Design

Why Authenticity Is the Biggest Lie in Branding

Redesigning a website is about improving user experience, functionality, and brand alignment.

Shrey Bajaj

September 18, 2025

Everyone wants their brand to be authentic these days. Agencies promise it in every proposal. Clients demand it in every brief. Consultants write endless LinkedIn posts about the importance of authentic brand expression. There's just one tiny problem with this obsession: authentic brands don't actually exist.

Think about it for more than five seconds. Every brand is artificial by definition. Someone sat in a conference room and decided what this company should feel like, look like, and sound like. They picked fonts that represent the brand personality and colors that align with the brand values. They crafted mission statements and chose imagery that supports the desired perception. Nothing about this process is authentic. It's all carefully constructed theater.

The entire branding industry operates on this fundamental contradiction. We create artificial personalities for companies, then spend enormous energy making those personalities feel natural and unforced. It's like method acting for corporations.

But here's where it gets really weird: the brands we perceive as most authentic are usually the most carefully constructed ones. Ben & Jerry's feels authentic because they've spent decades meticulously crafting their hippie ice cream guys persona. Their activism isn't spontaneous expression. It's strategic positioning that happens to align with the founders' personal beliefs. Their quirky flavor names aren't accidental creativity. They're engineered to reinforce the brand's unconventional personality.

The same pattern repeats across industries. Patagonia feels authentic because they've been obsessively consistent about environmental messaging for forty years. Their activism predates their marketing budget, which gives it credibility. But make no mistake: every communication is carefully planned to reinforce their positioning as the anti-corporate outdoor brand.

Even brands that position themselves as transparent and honest are performing transparency and honesty. Buffer's radical openness about salaries and company metrics isn't accidental authenticity. It's strategic differentiation in an industry known for opacity and secrecy.

The real secret isn't authenticity. It's consistency. When a brand says and does the same things repeatedly over long periods, our brains start to believe it's just who they are. Repetition creates the illusion of authenticity. Consistency builds the foundation for perceived genuineness.

Nike doesn't feel authentic because they're being themselves. They feel authentic because they've been saying the same thing about performance and achievement since the 1970s. Their messaging has evolved and their campaigns have changed, but their core positioning remains remarkably consistent.

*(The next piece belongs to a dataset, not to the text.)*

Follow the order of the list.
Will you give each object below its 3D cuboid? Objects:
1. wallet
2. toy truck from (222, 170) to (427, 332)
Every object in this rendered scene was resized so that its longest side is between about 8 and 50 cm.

This consistency extends beyond marketing communications into operational decisions. The most convincing brand authenticity comes from alignment between what you say and what you do. When your internal culture matches your external messaging, the performance becomes more convincing.

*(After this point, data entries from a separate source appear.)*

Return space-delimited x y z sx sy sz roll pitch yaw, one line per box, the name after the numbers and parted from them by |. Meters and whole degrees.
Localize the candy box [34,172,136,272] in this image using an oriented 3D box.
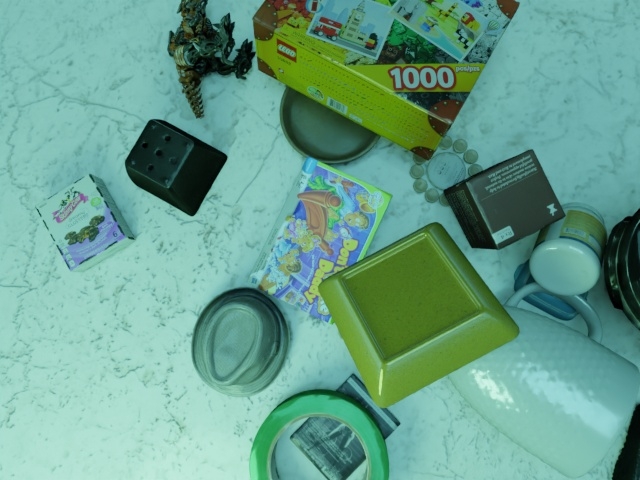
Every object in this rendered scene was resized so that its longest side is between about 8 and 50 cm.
-0.598 -0.044 1.315 0.164 0.070 0.196 -32 84 -1 | candy box

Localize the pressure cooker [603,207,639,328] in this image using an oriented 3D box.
0.808 0.073 1.068 0.369 0.420 0.376 -37 69 19 | pressure cooker

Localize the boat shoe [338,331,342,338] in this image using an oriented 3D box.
0.089 0.166 1.263 0.062 0.059 0.170 17 85 5 | boat shoe

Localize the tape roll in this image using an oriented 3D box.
-0.001 0.516 1.203 0.320 0.077 0.322 -1 83 5 | tape roll

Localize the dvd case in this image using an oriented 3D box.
0.059 0.461 1.253 0.221 0.018 0.164 -45 82 -2 | dvd case

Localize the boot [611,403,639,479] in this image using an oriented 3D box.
0.802 0.521 1.170 0.207 0.094 0.247 23 79 9 | boot

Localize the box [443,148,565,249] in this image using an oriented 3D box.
0.416 -0.088 1.196 0.168 0.203 0.167 -26 90 -1 | box

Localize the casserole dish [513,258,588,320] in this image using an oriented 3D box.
0.566 0.118 1.257 0.188 0.037 0.114 29 86 6 | casserole dish

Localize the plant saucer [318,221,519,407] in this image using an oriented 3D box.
0.189 0.129 1.099 0.332 0.081 0.333 -28 55 -1 | plant saucer

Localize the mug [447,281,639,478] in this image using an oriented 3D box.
0.480 0.260 1.142 0.327 0.276 0.374 31 68 16 | mug

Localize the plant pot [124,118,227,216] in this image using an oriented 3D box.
-0.369 -0.192 1.273 0.188 0.167 0.188 29 86 5 | plant pot

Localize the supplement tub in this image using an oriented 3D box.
0.569 0.014 1.175 0.144 0.144 0.200 37 47 6 | supplement tub

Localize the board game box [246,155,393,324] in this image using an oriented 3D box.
0.000 0.000 1.277 0.233 0.078 0.347 25 85 5 | board game box

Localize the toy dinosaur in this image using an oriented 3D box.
-0.299 -0.480 1.336 0.218 0.164 0.322 -2 102 17 | toy dinosaur

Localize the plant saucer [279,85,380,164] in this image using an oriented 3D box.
0.033 -0.328 1.331 0.277 0.041 0.278 0 84 3 | plant saucer

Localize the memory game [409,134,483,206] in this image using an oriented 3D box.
0.320 -0.178 1.314 0.186 0.012 0.186 0 83 2 | memory game

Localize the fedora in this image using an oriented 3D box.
-0.202 0.249 1.227 0.243 0.124 0.276 26 89 5 | fedora

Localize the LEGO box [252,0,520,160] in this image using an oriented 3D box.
0.148 -0.486 1.235 0.499 0.193 0.373 29 75 6 | LEGO box

Instead of chasing authenticity, chase coherence. Make sure everything your brand does ladders up to the same core idea. Be boringly consistent about your point of view. Repeat your message until you're completely sick of it, then repeat it some more. Your audience is just starting to notice what you've been saying all along.

Authenticity is what happens when people forget you're performing. The only way to make them forget is to never break character. The paradox of modern branding: to seem real, you have to be fake. But you have to be fake in exactly the same way, every single time, for a very long time.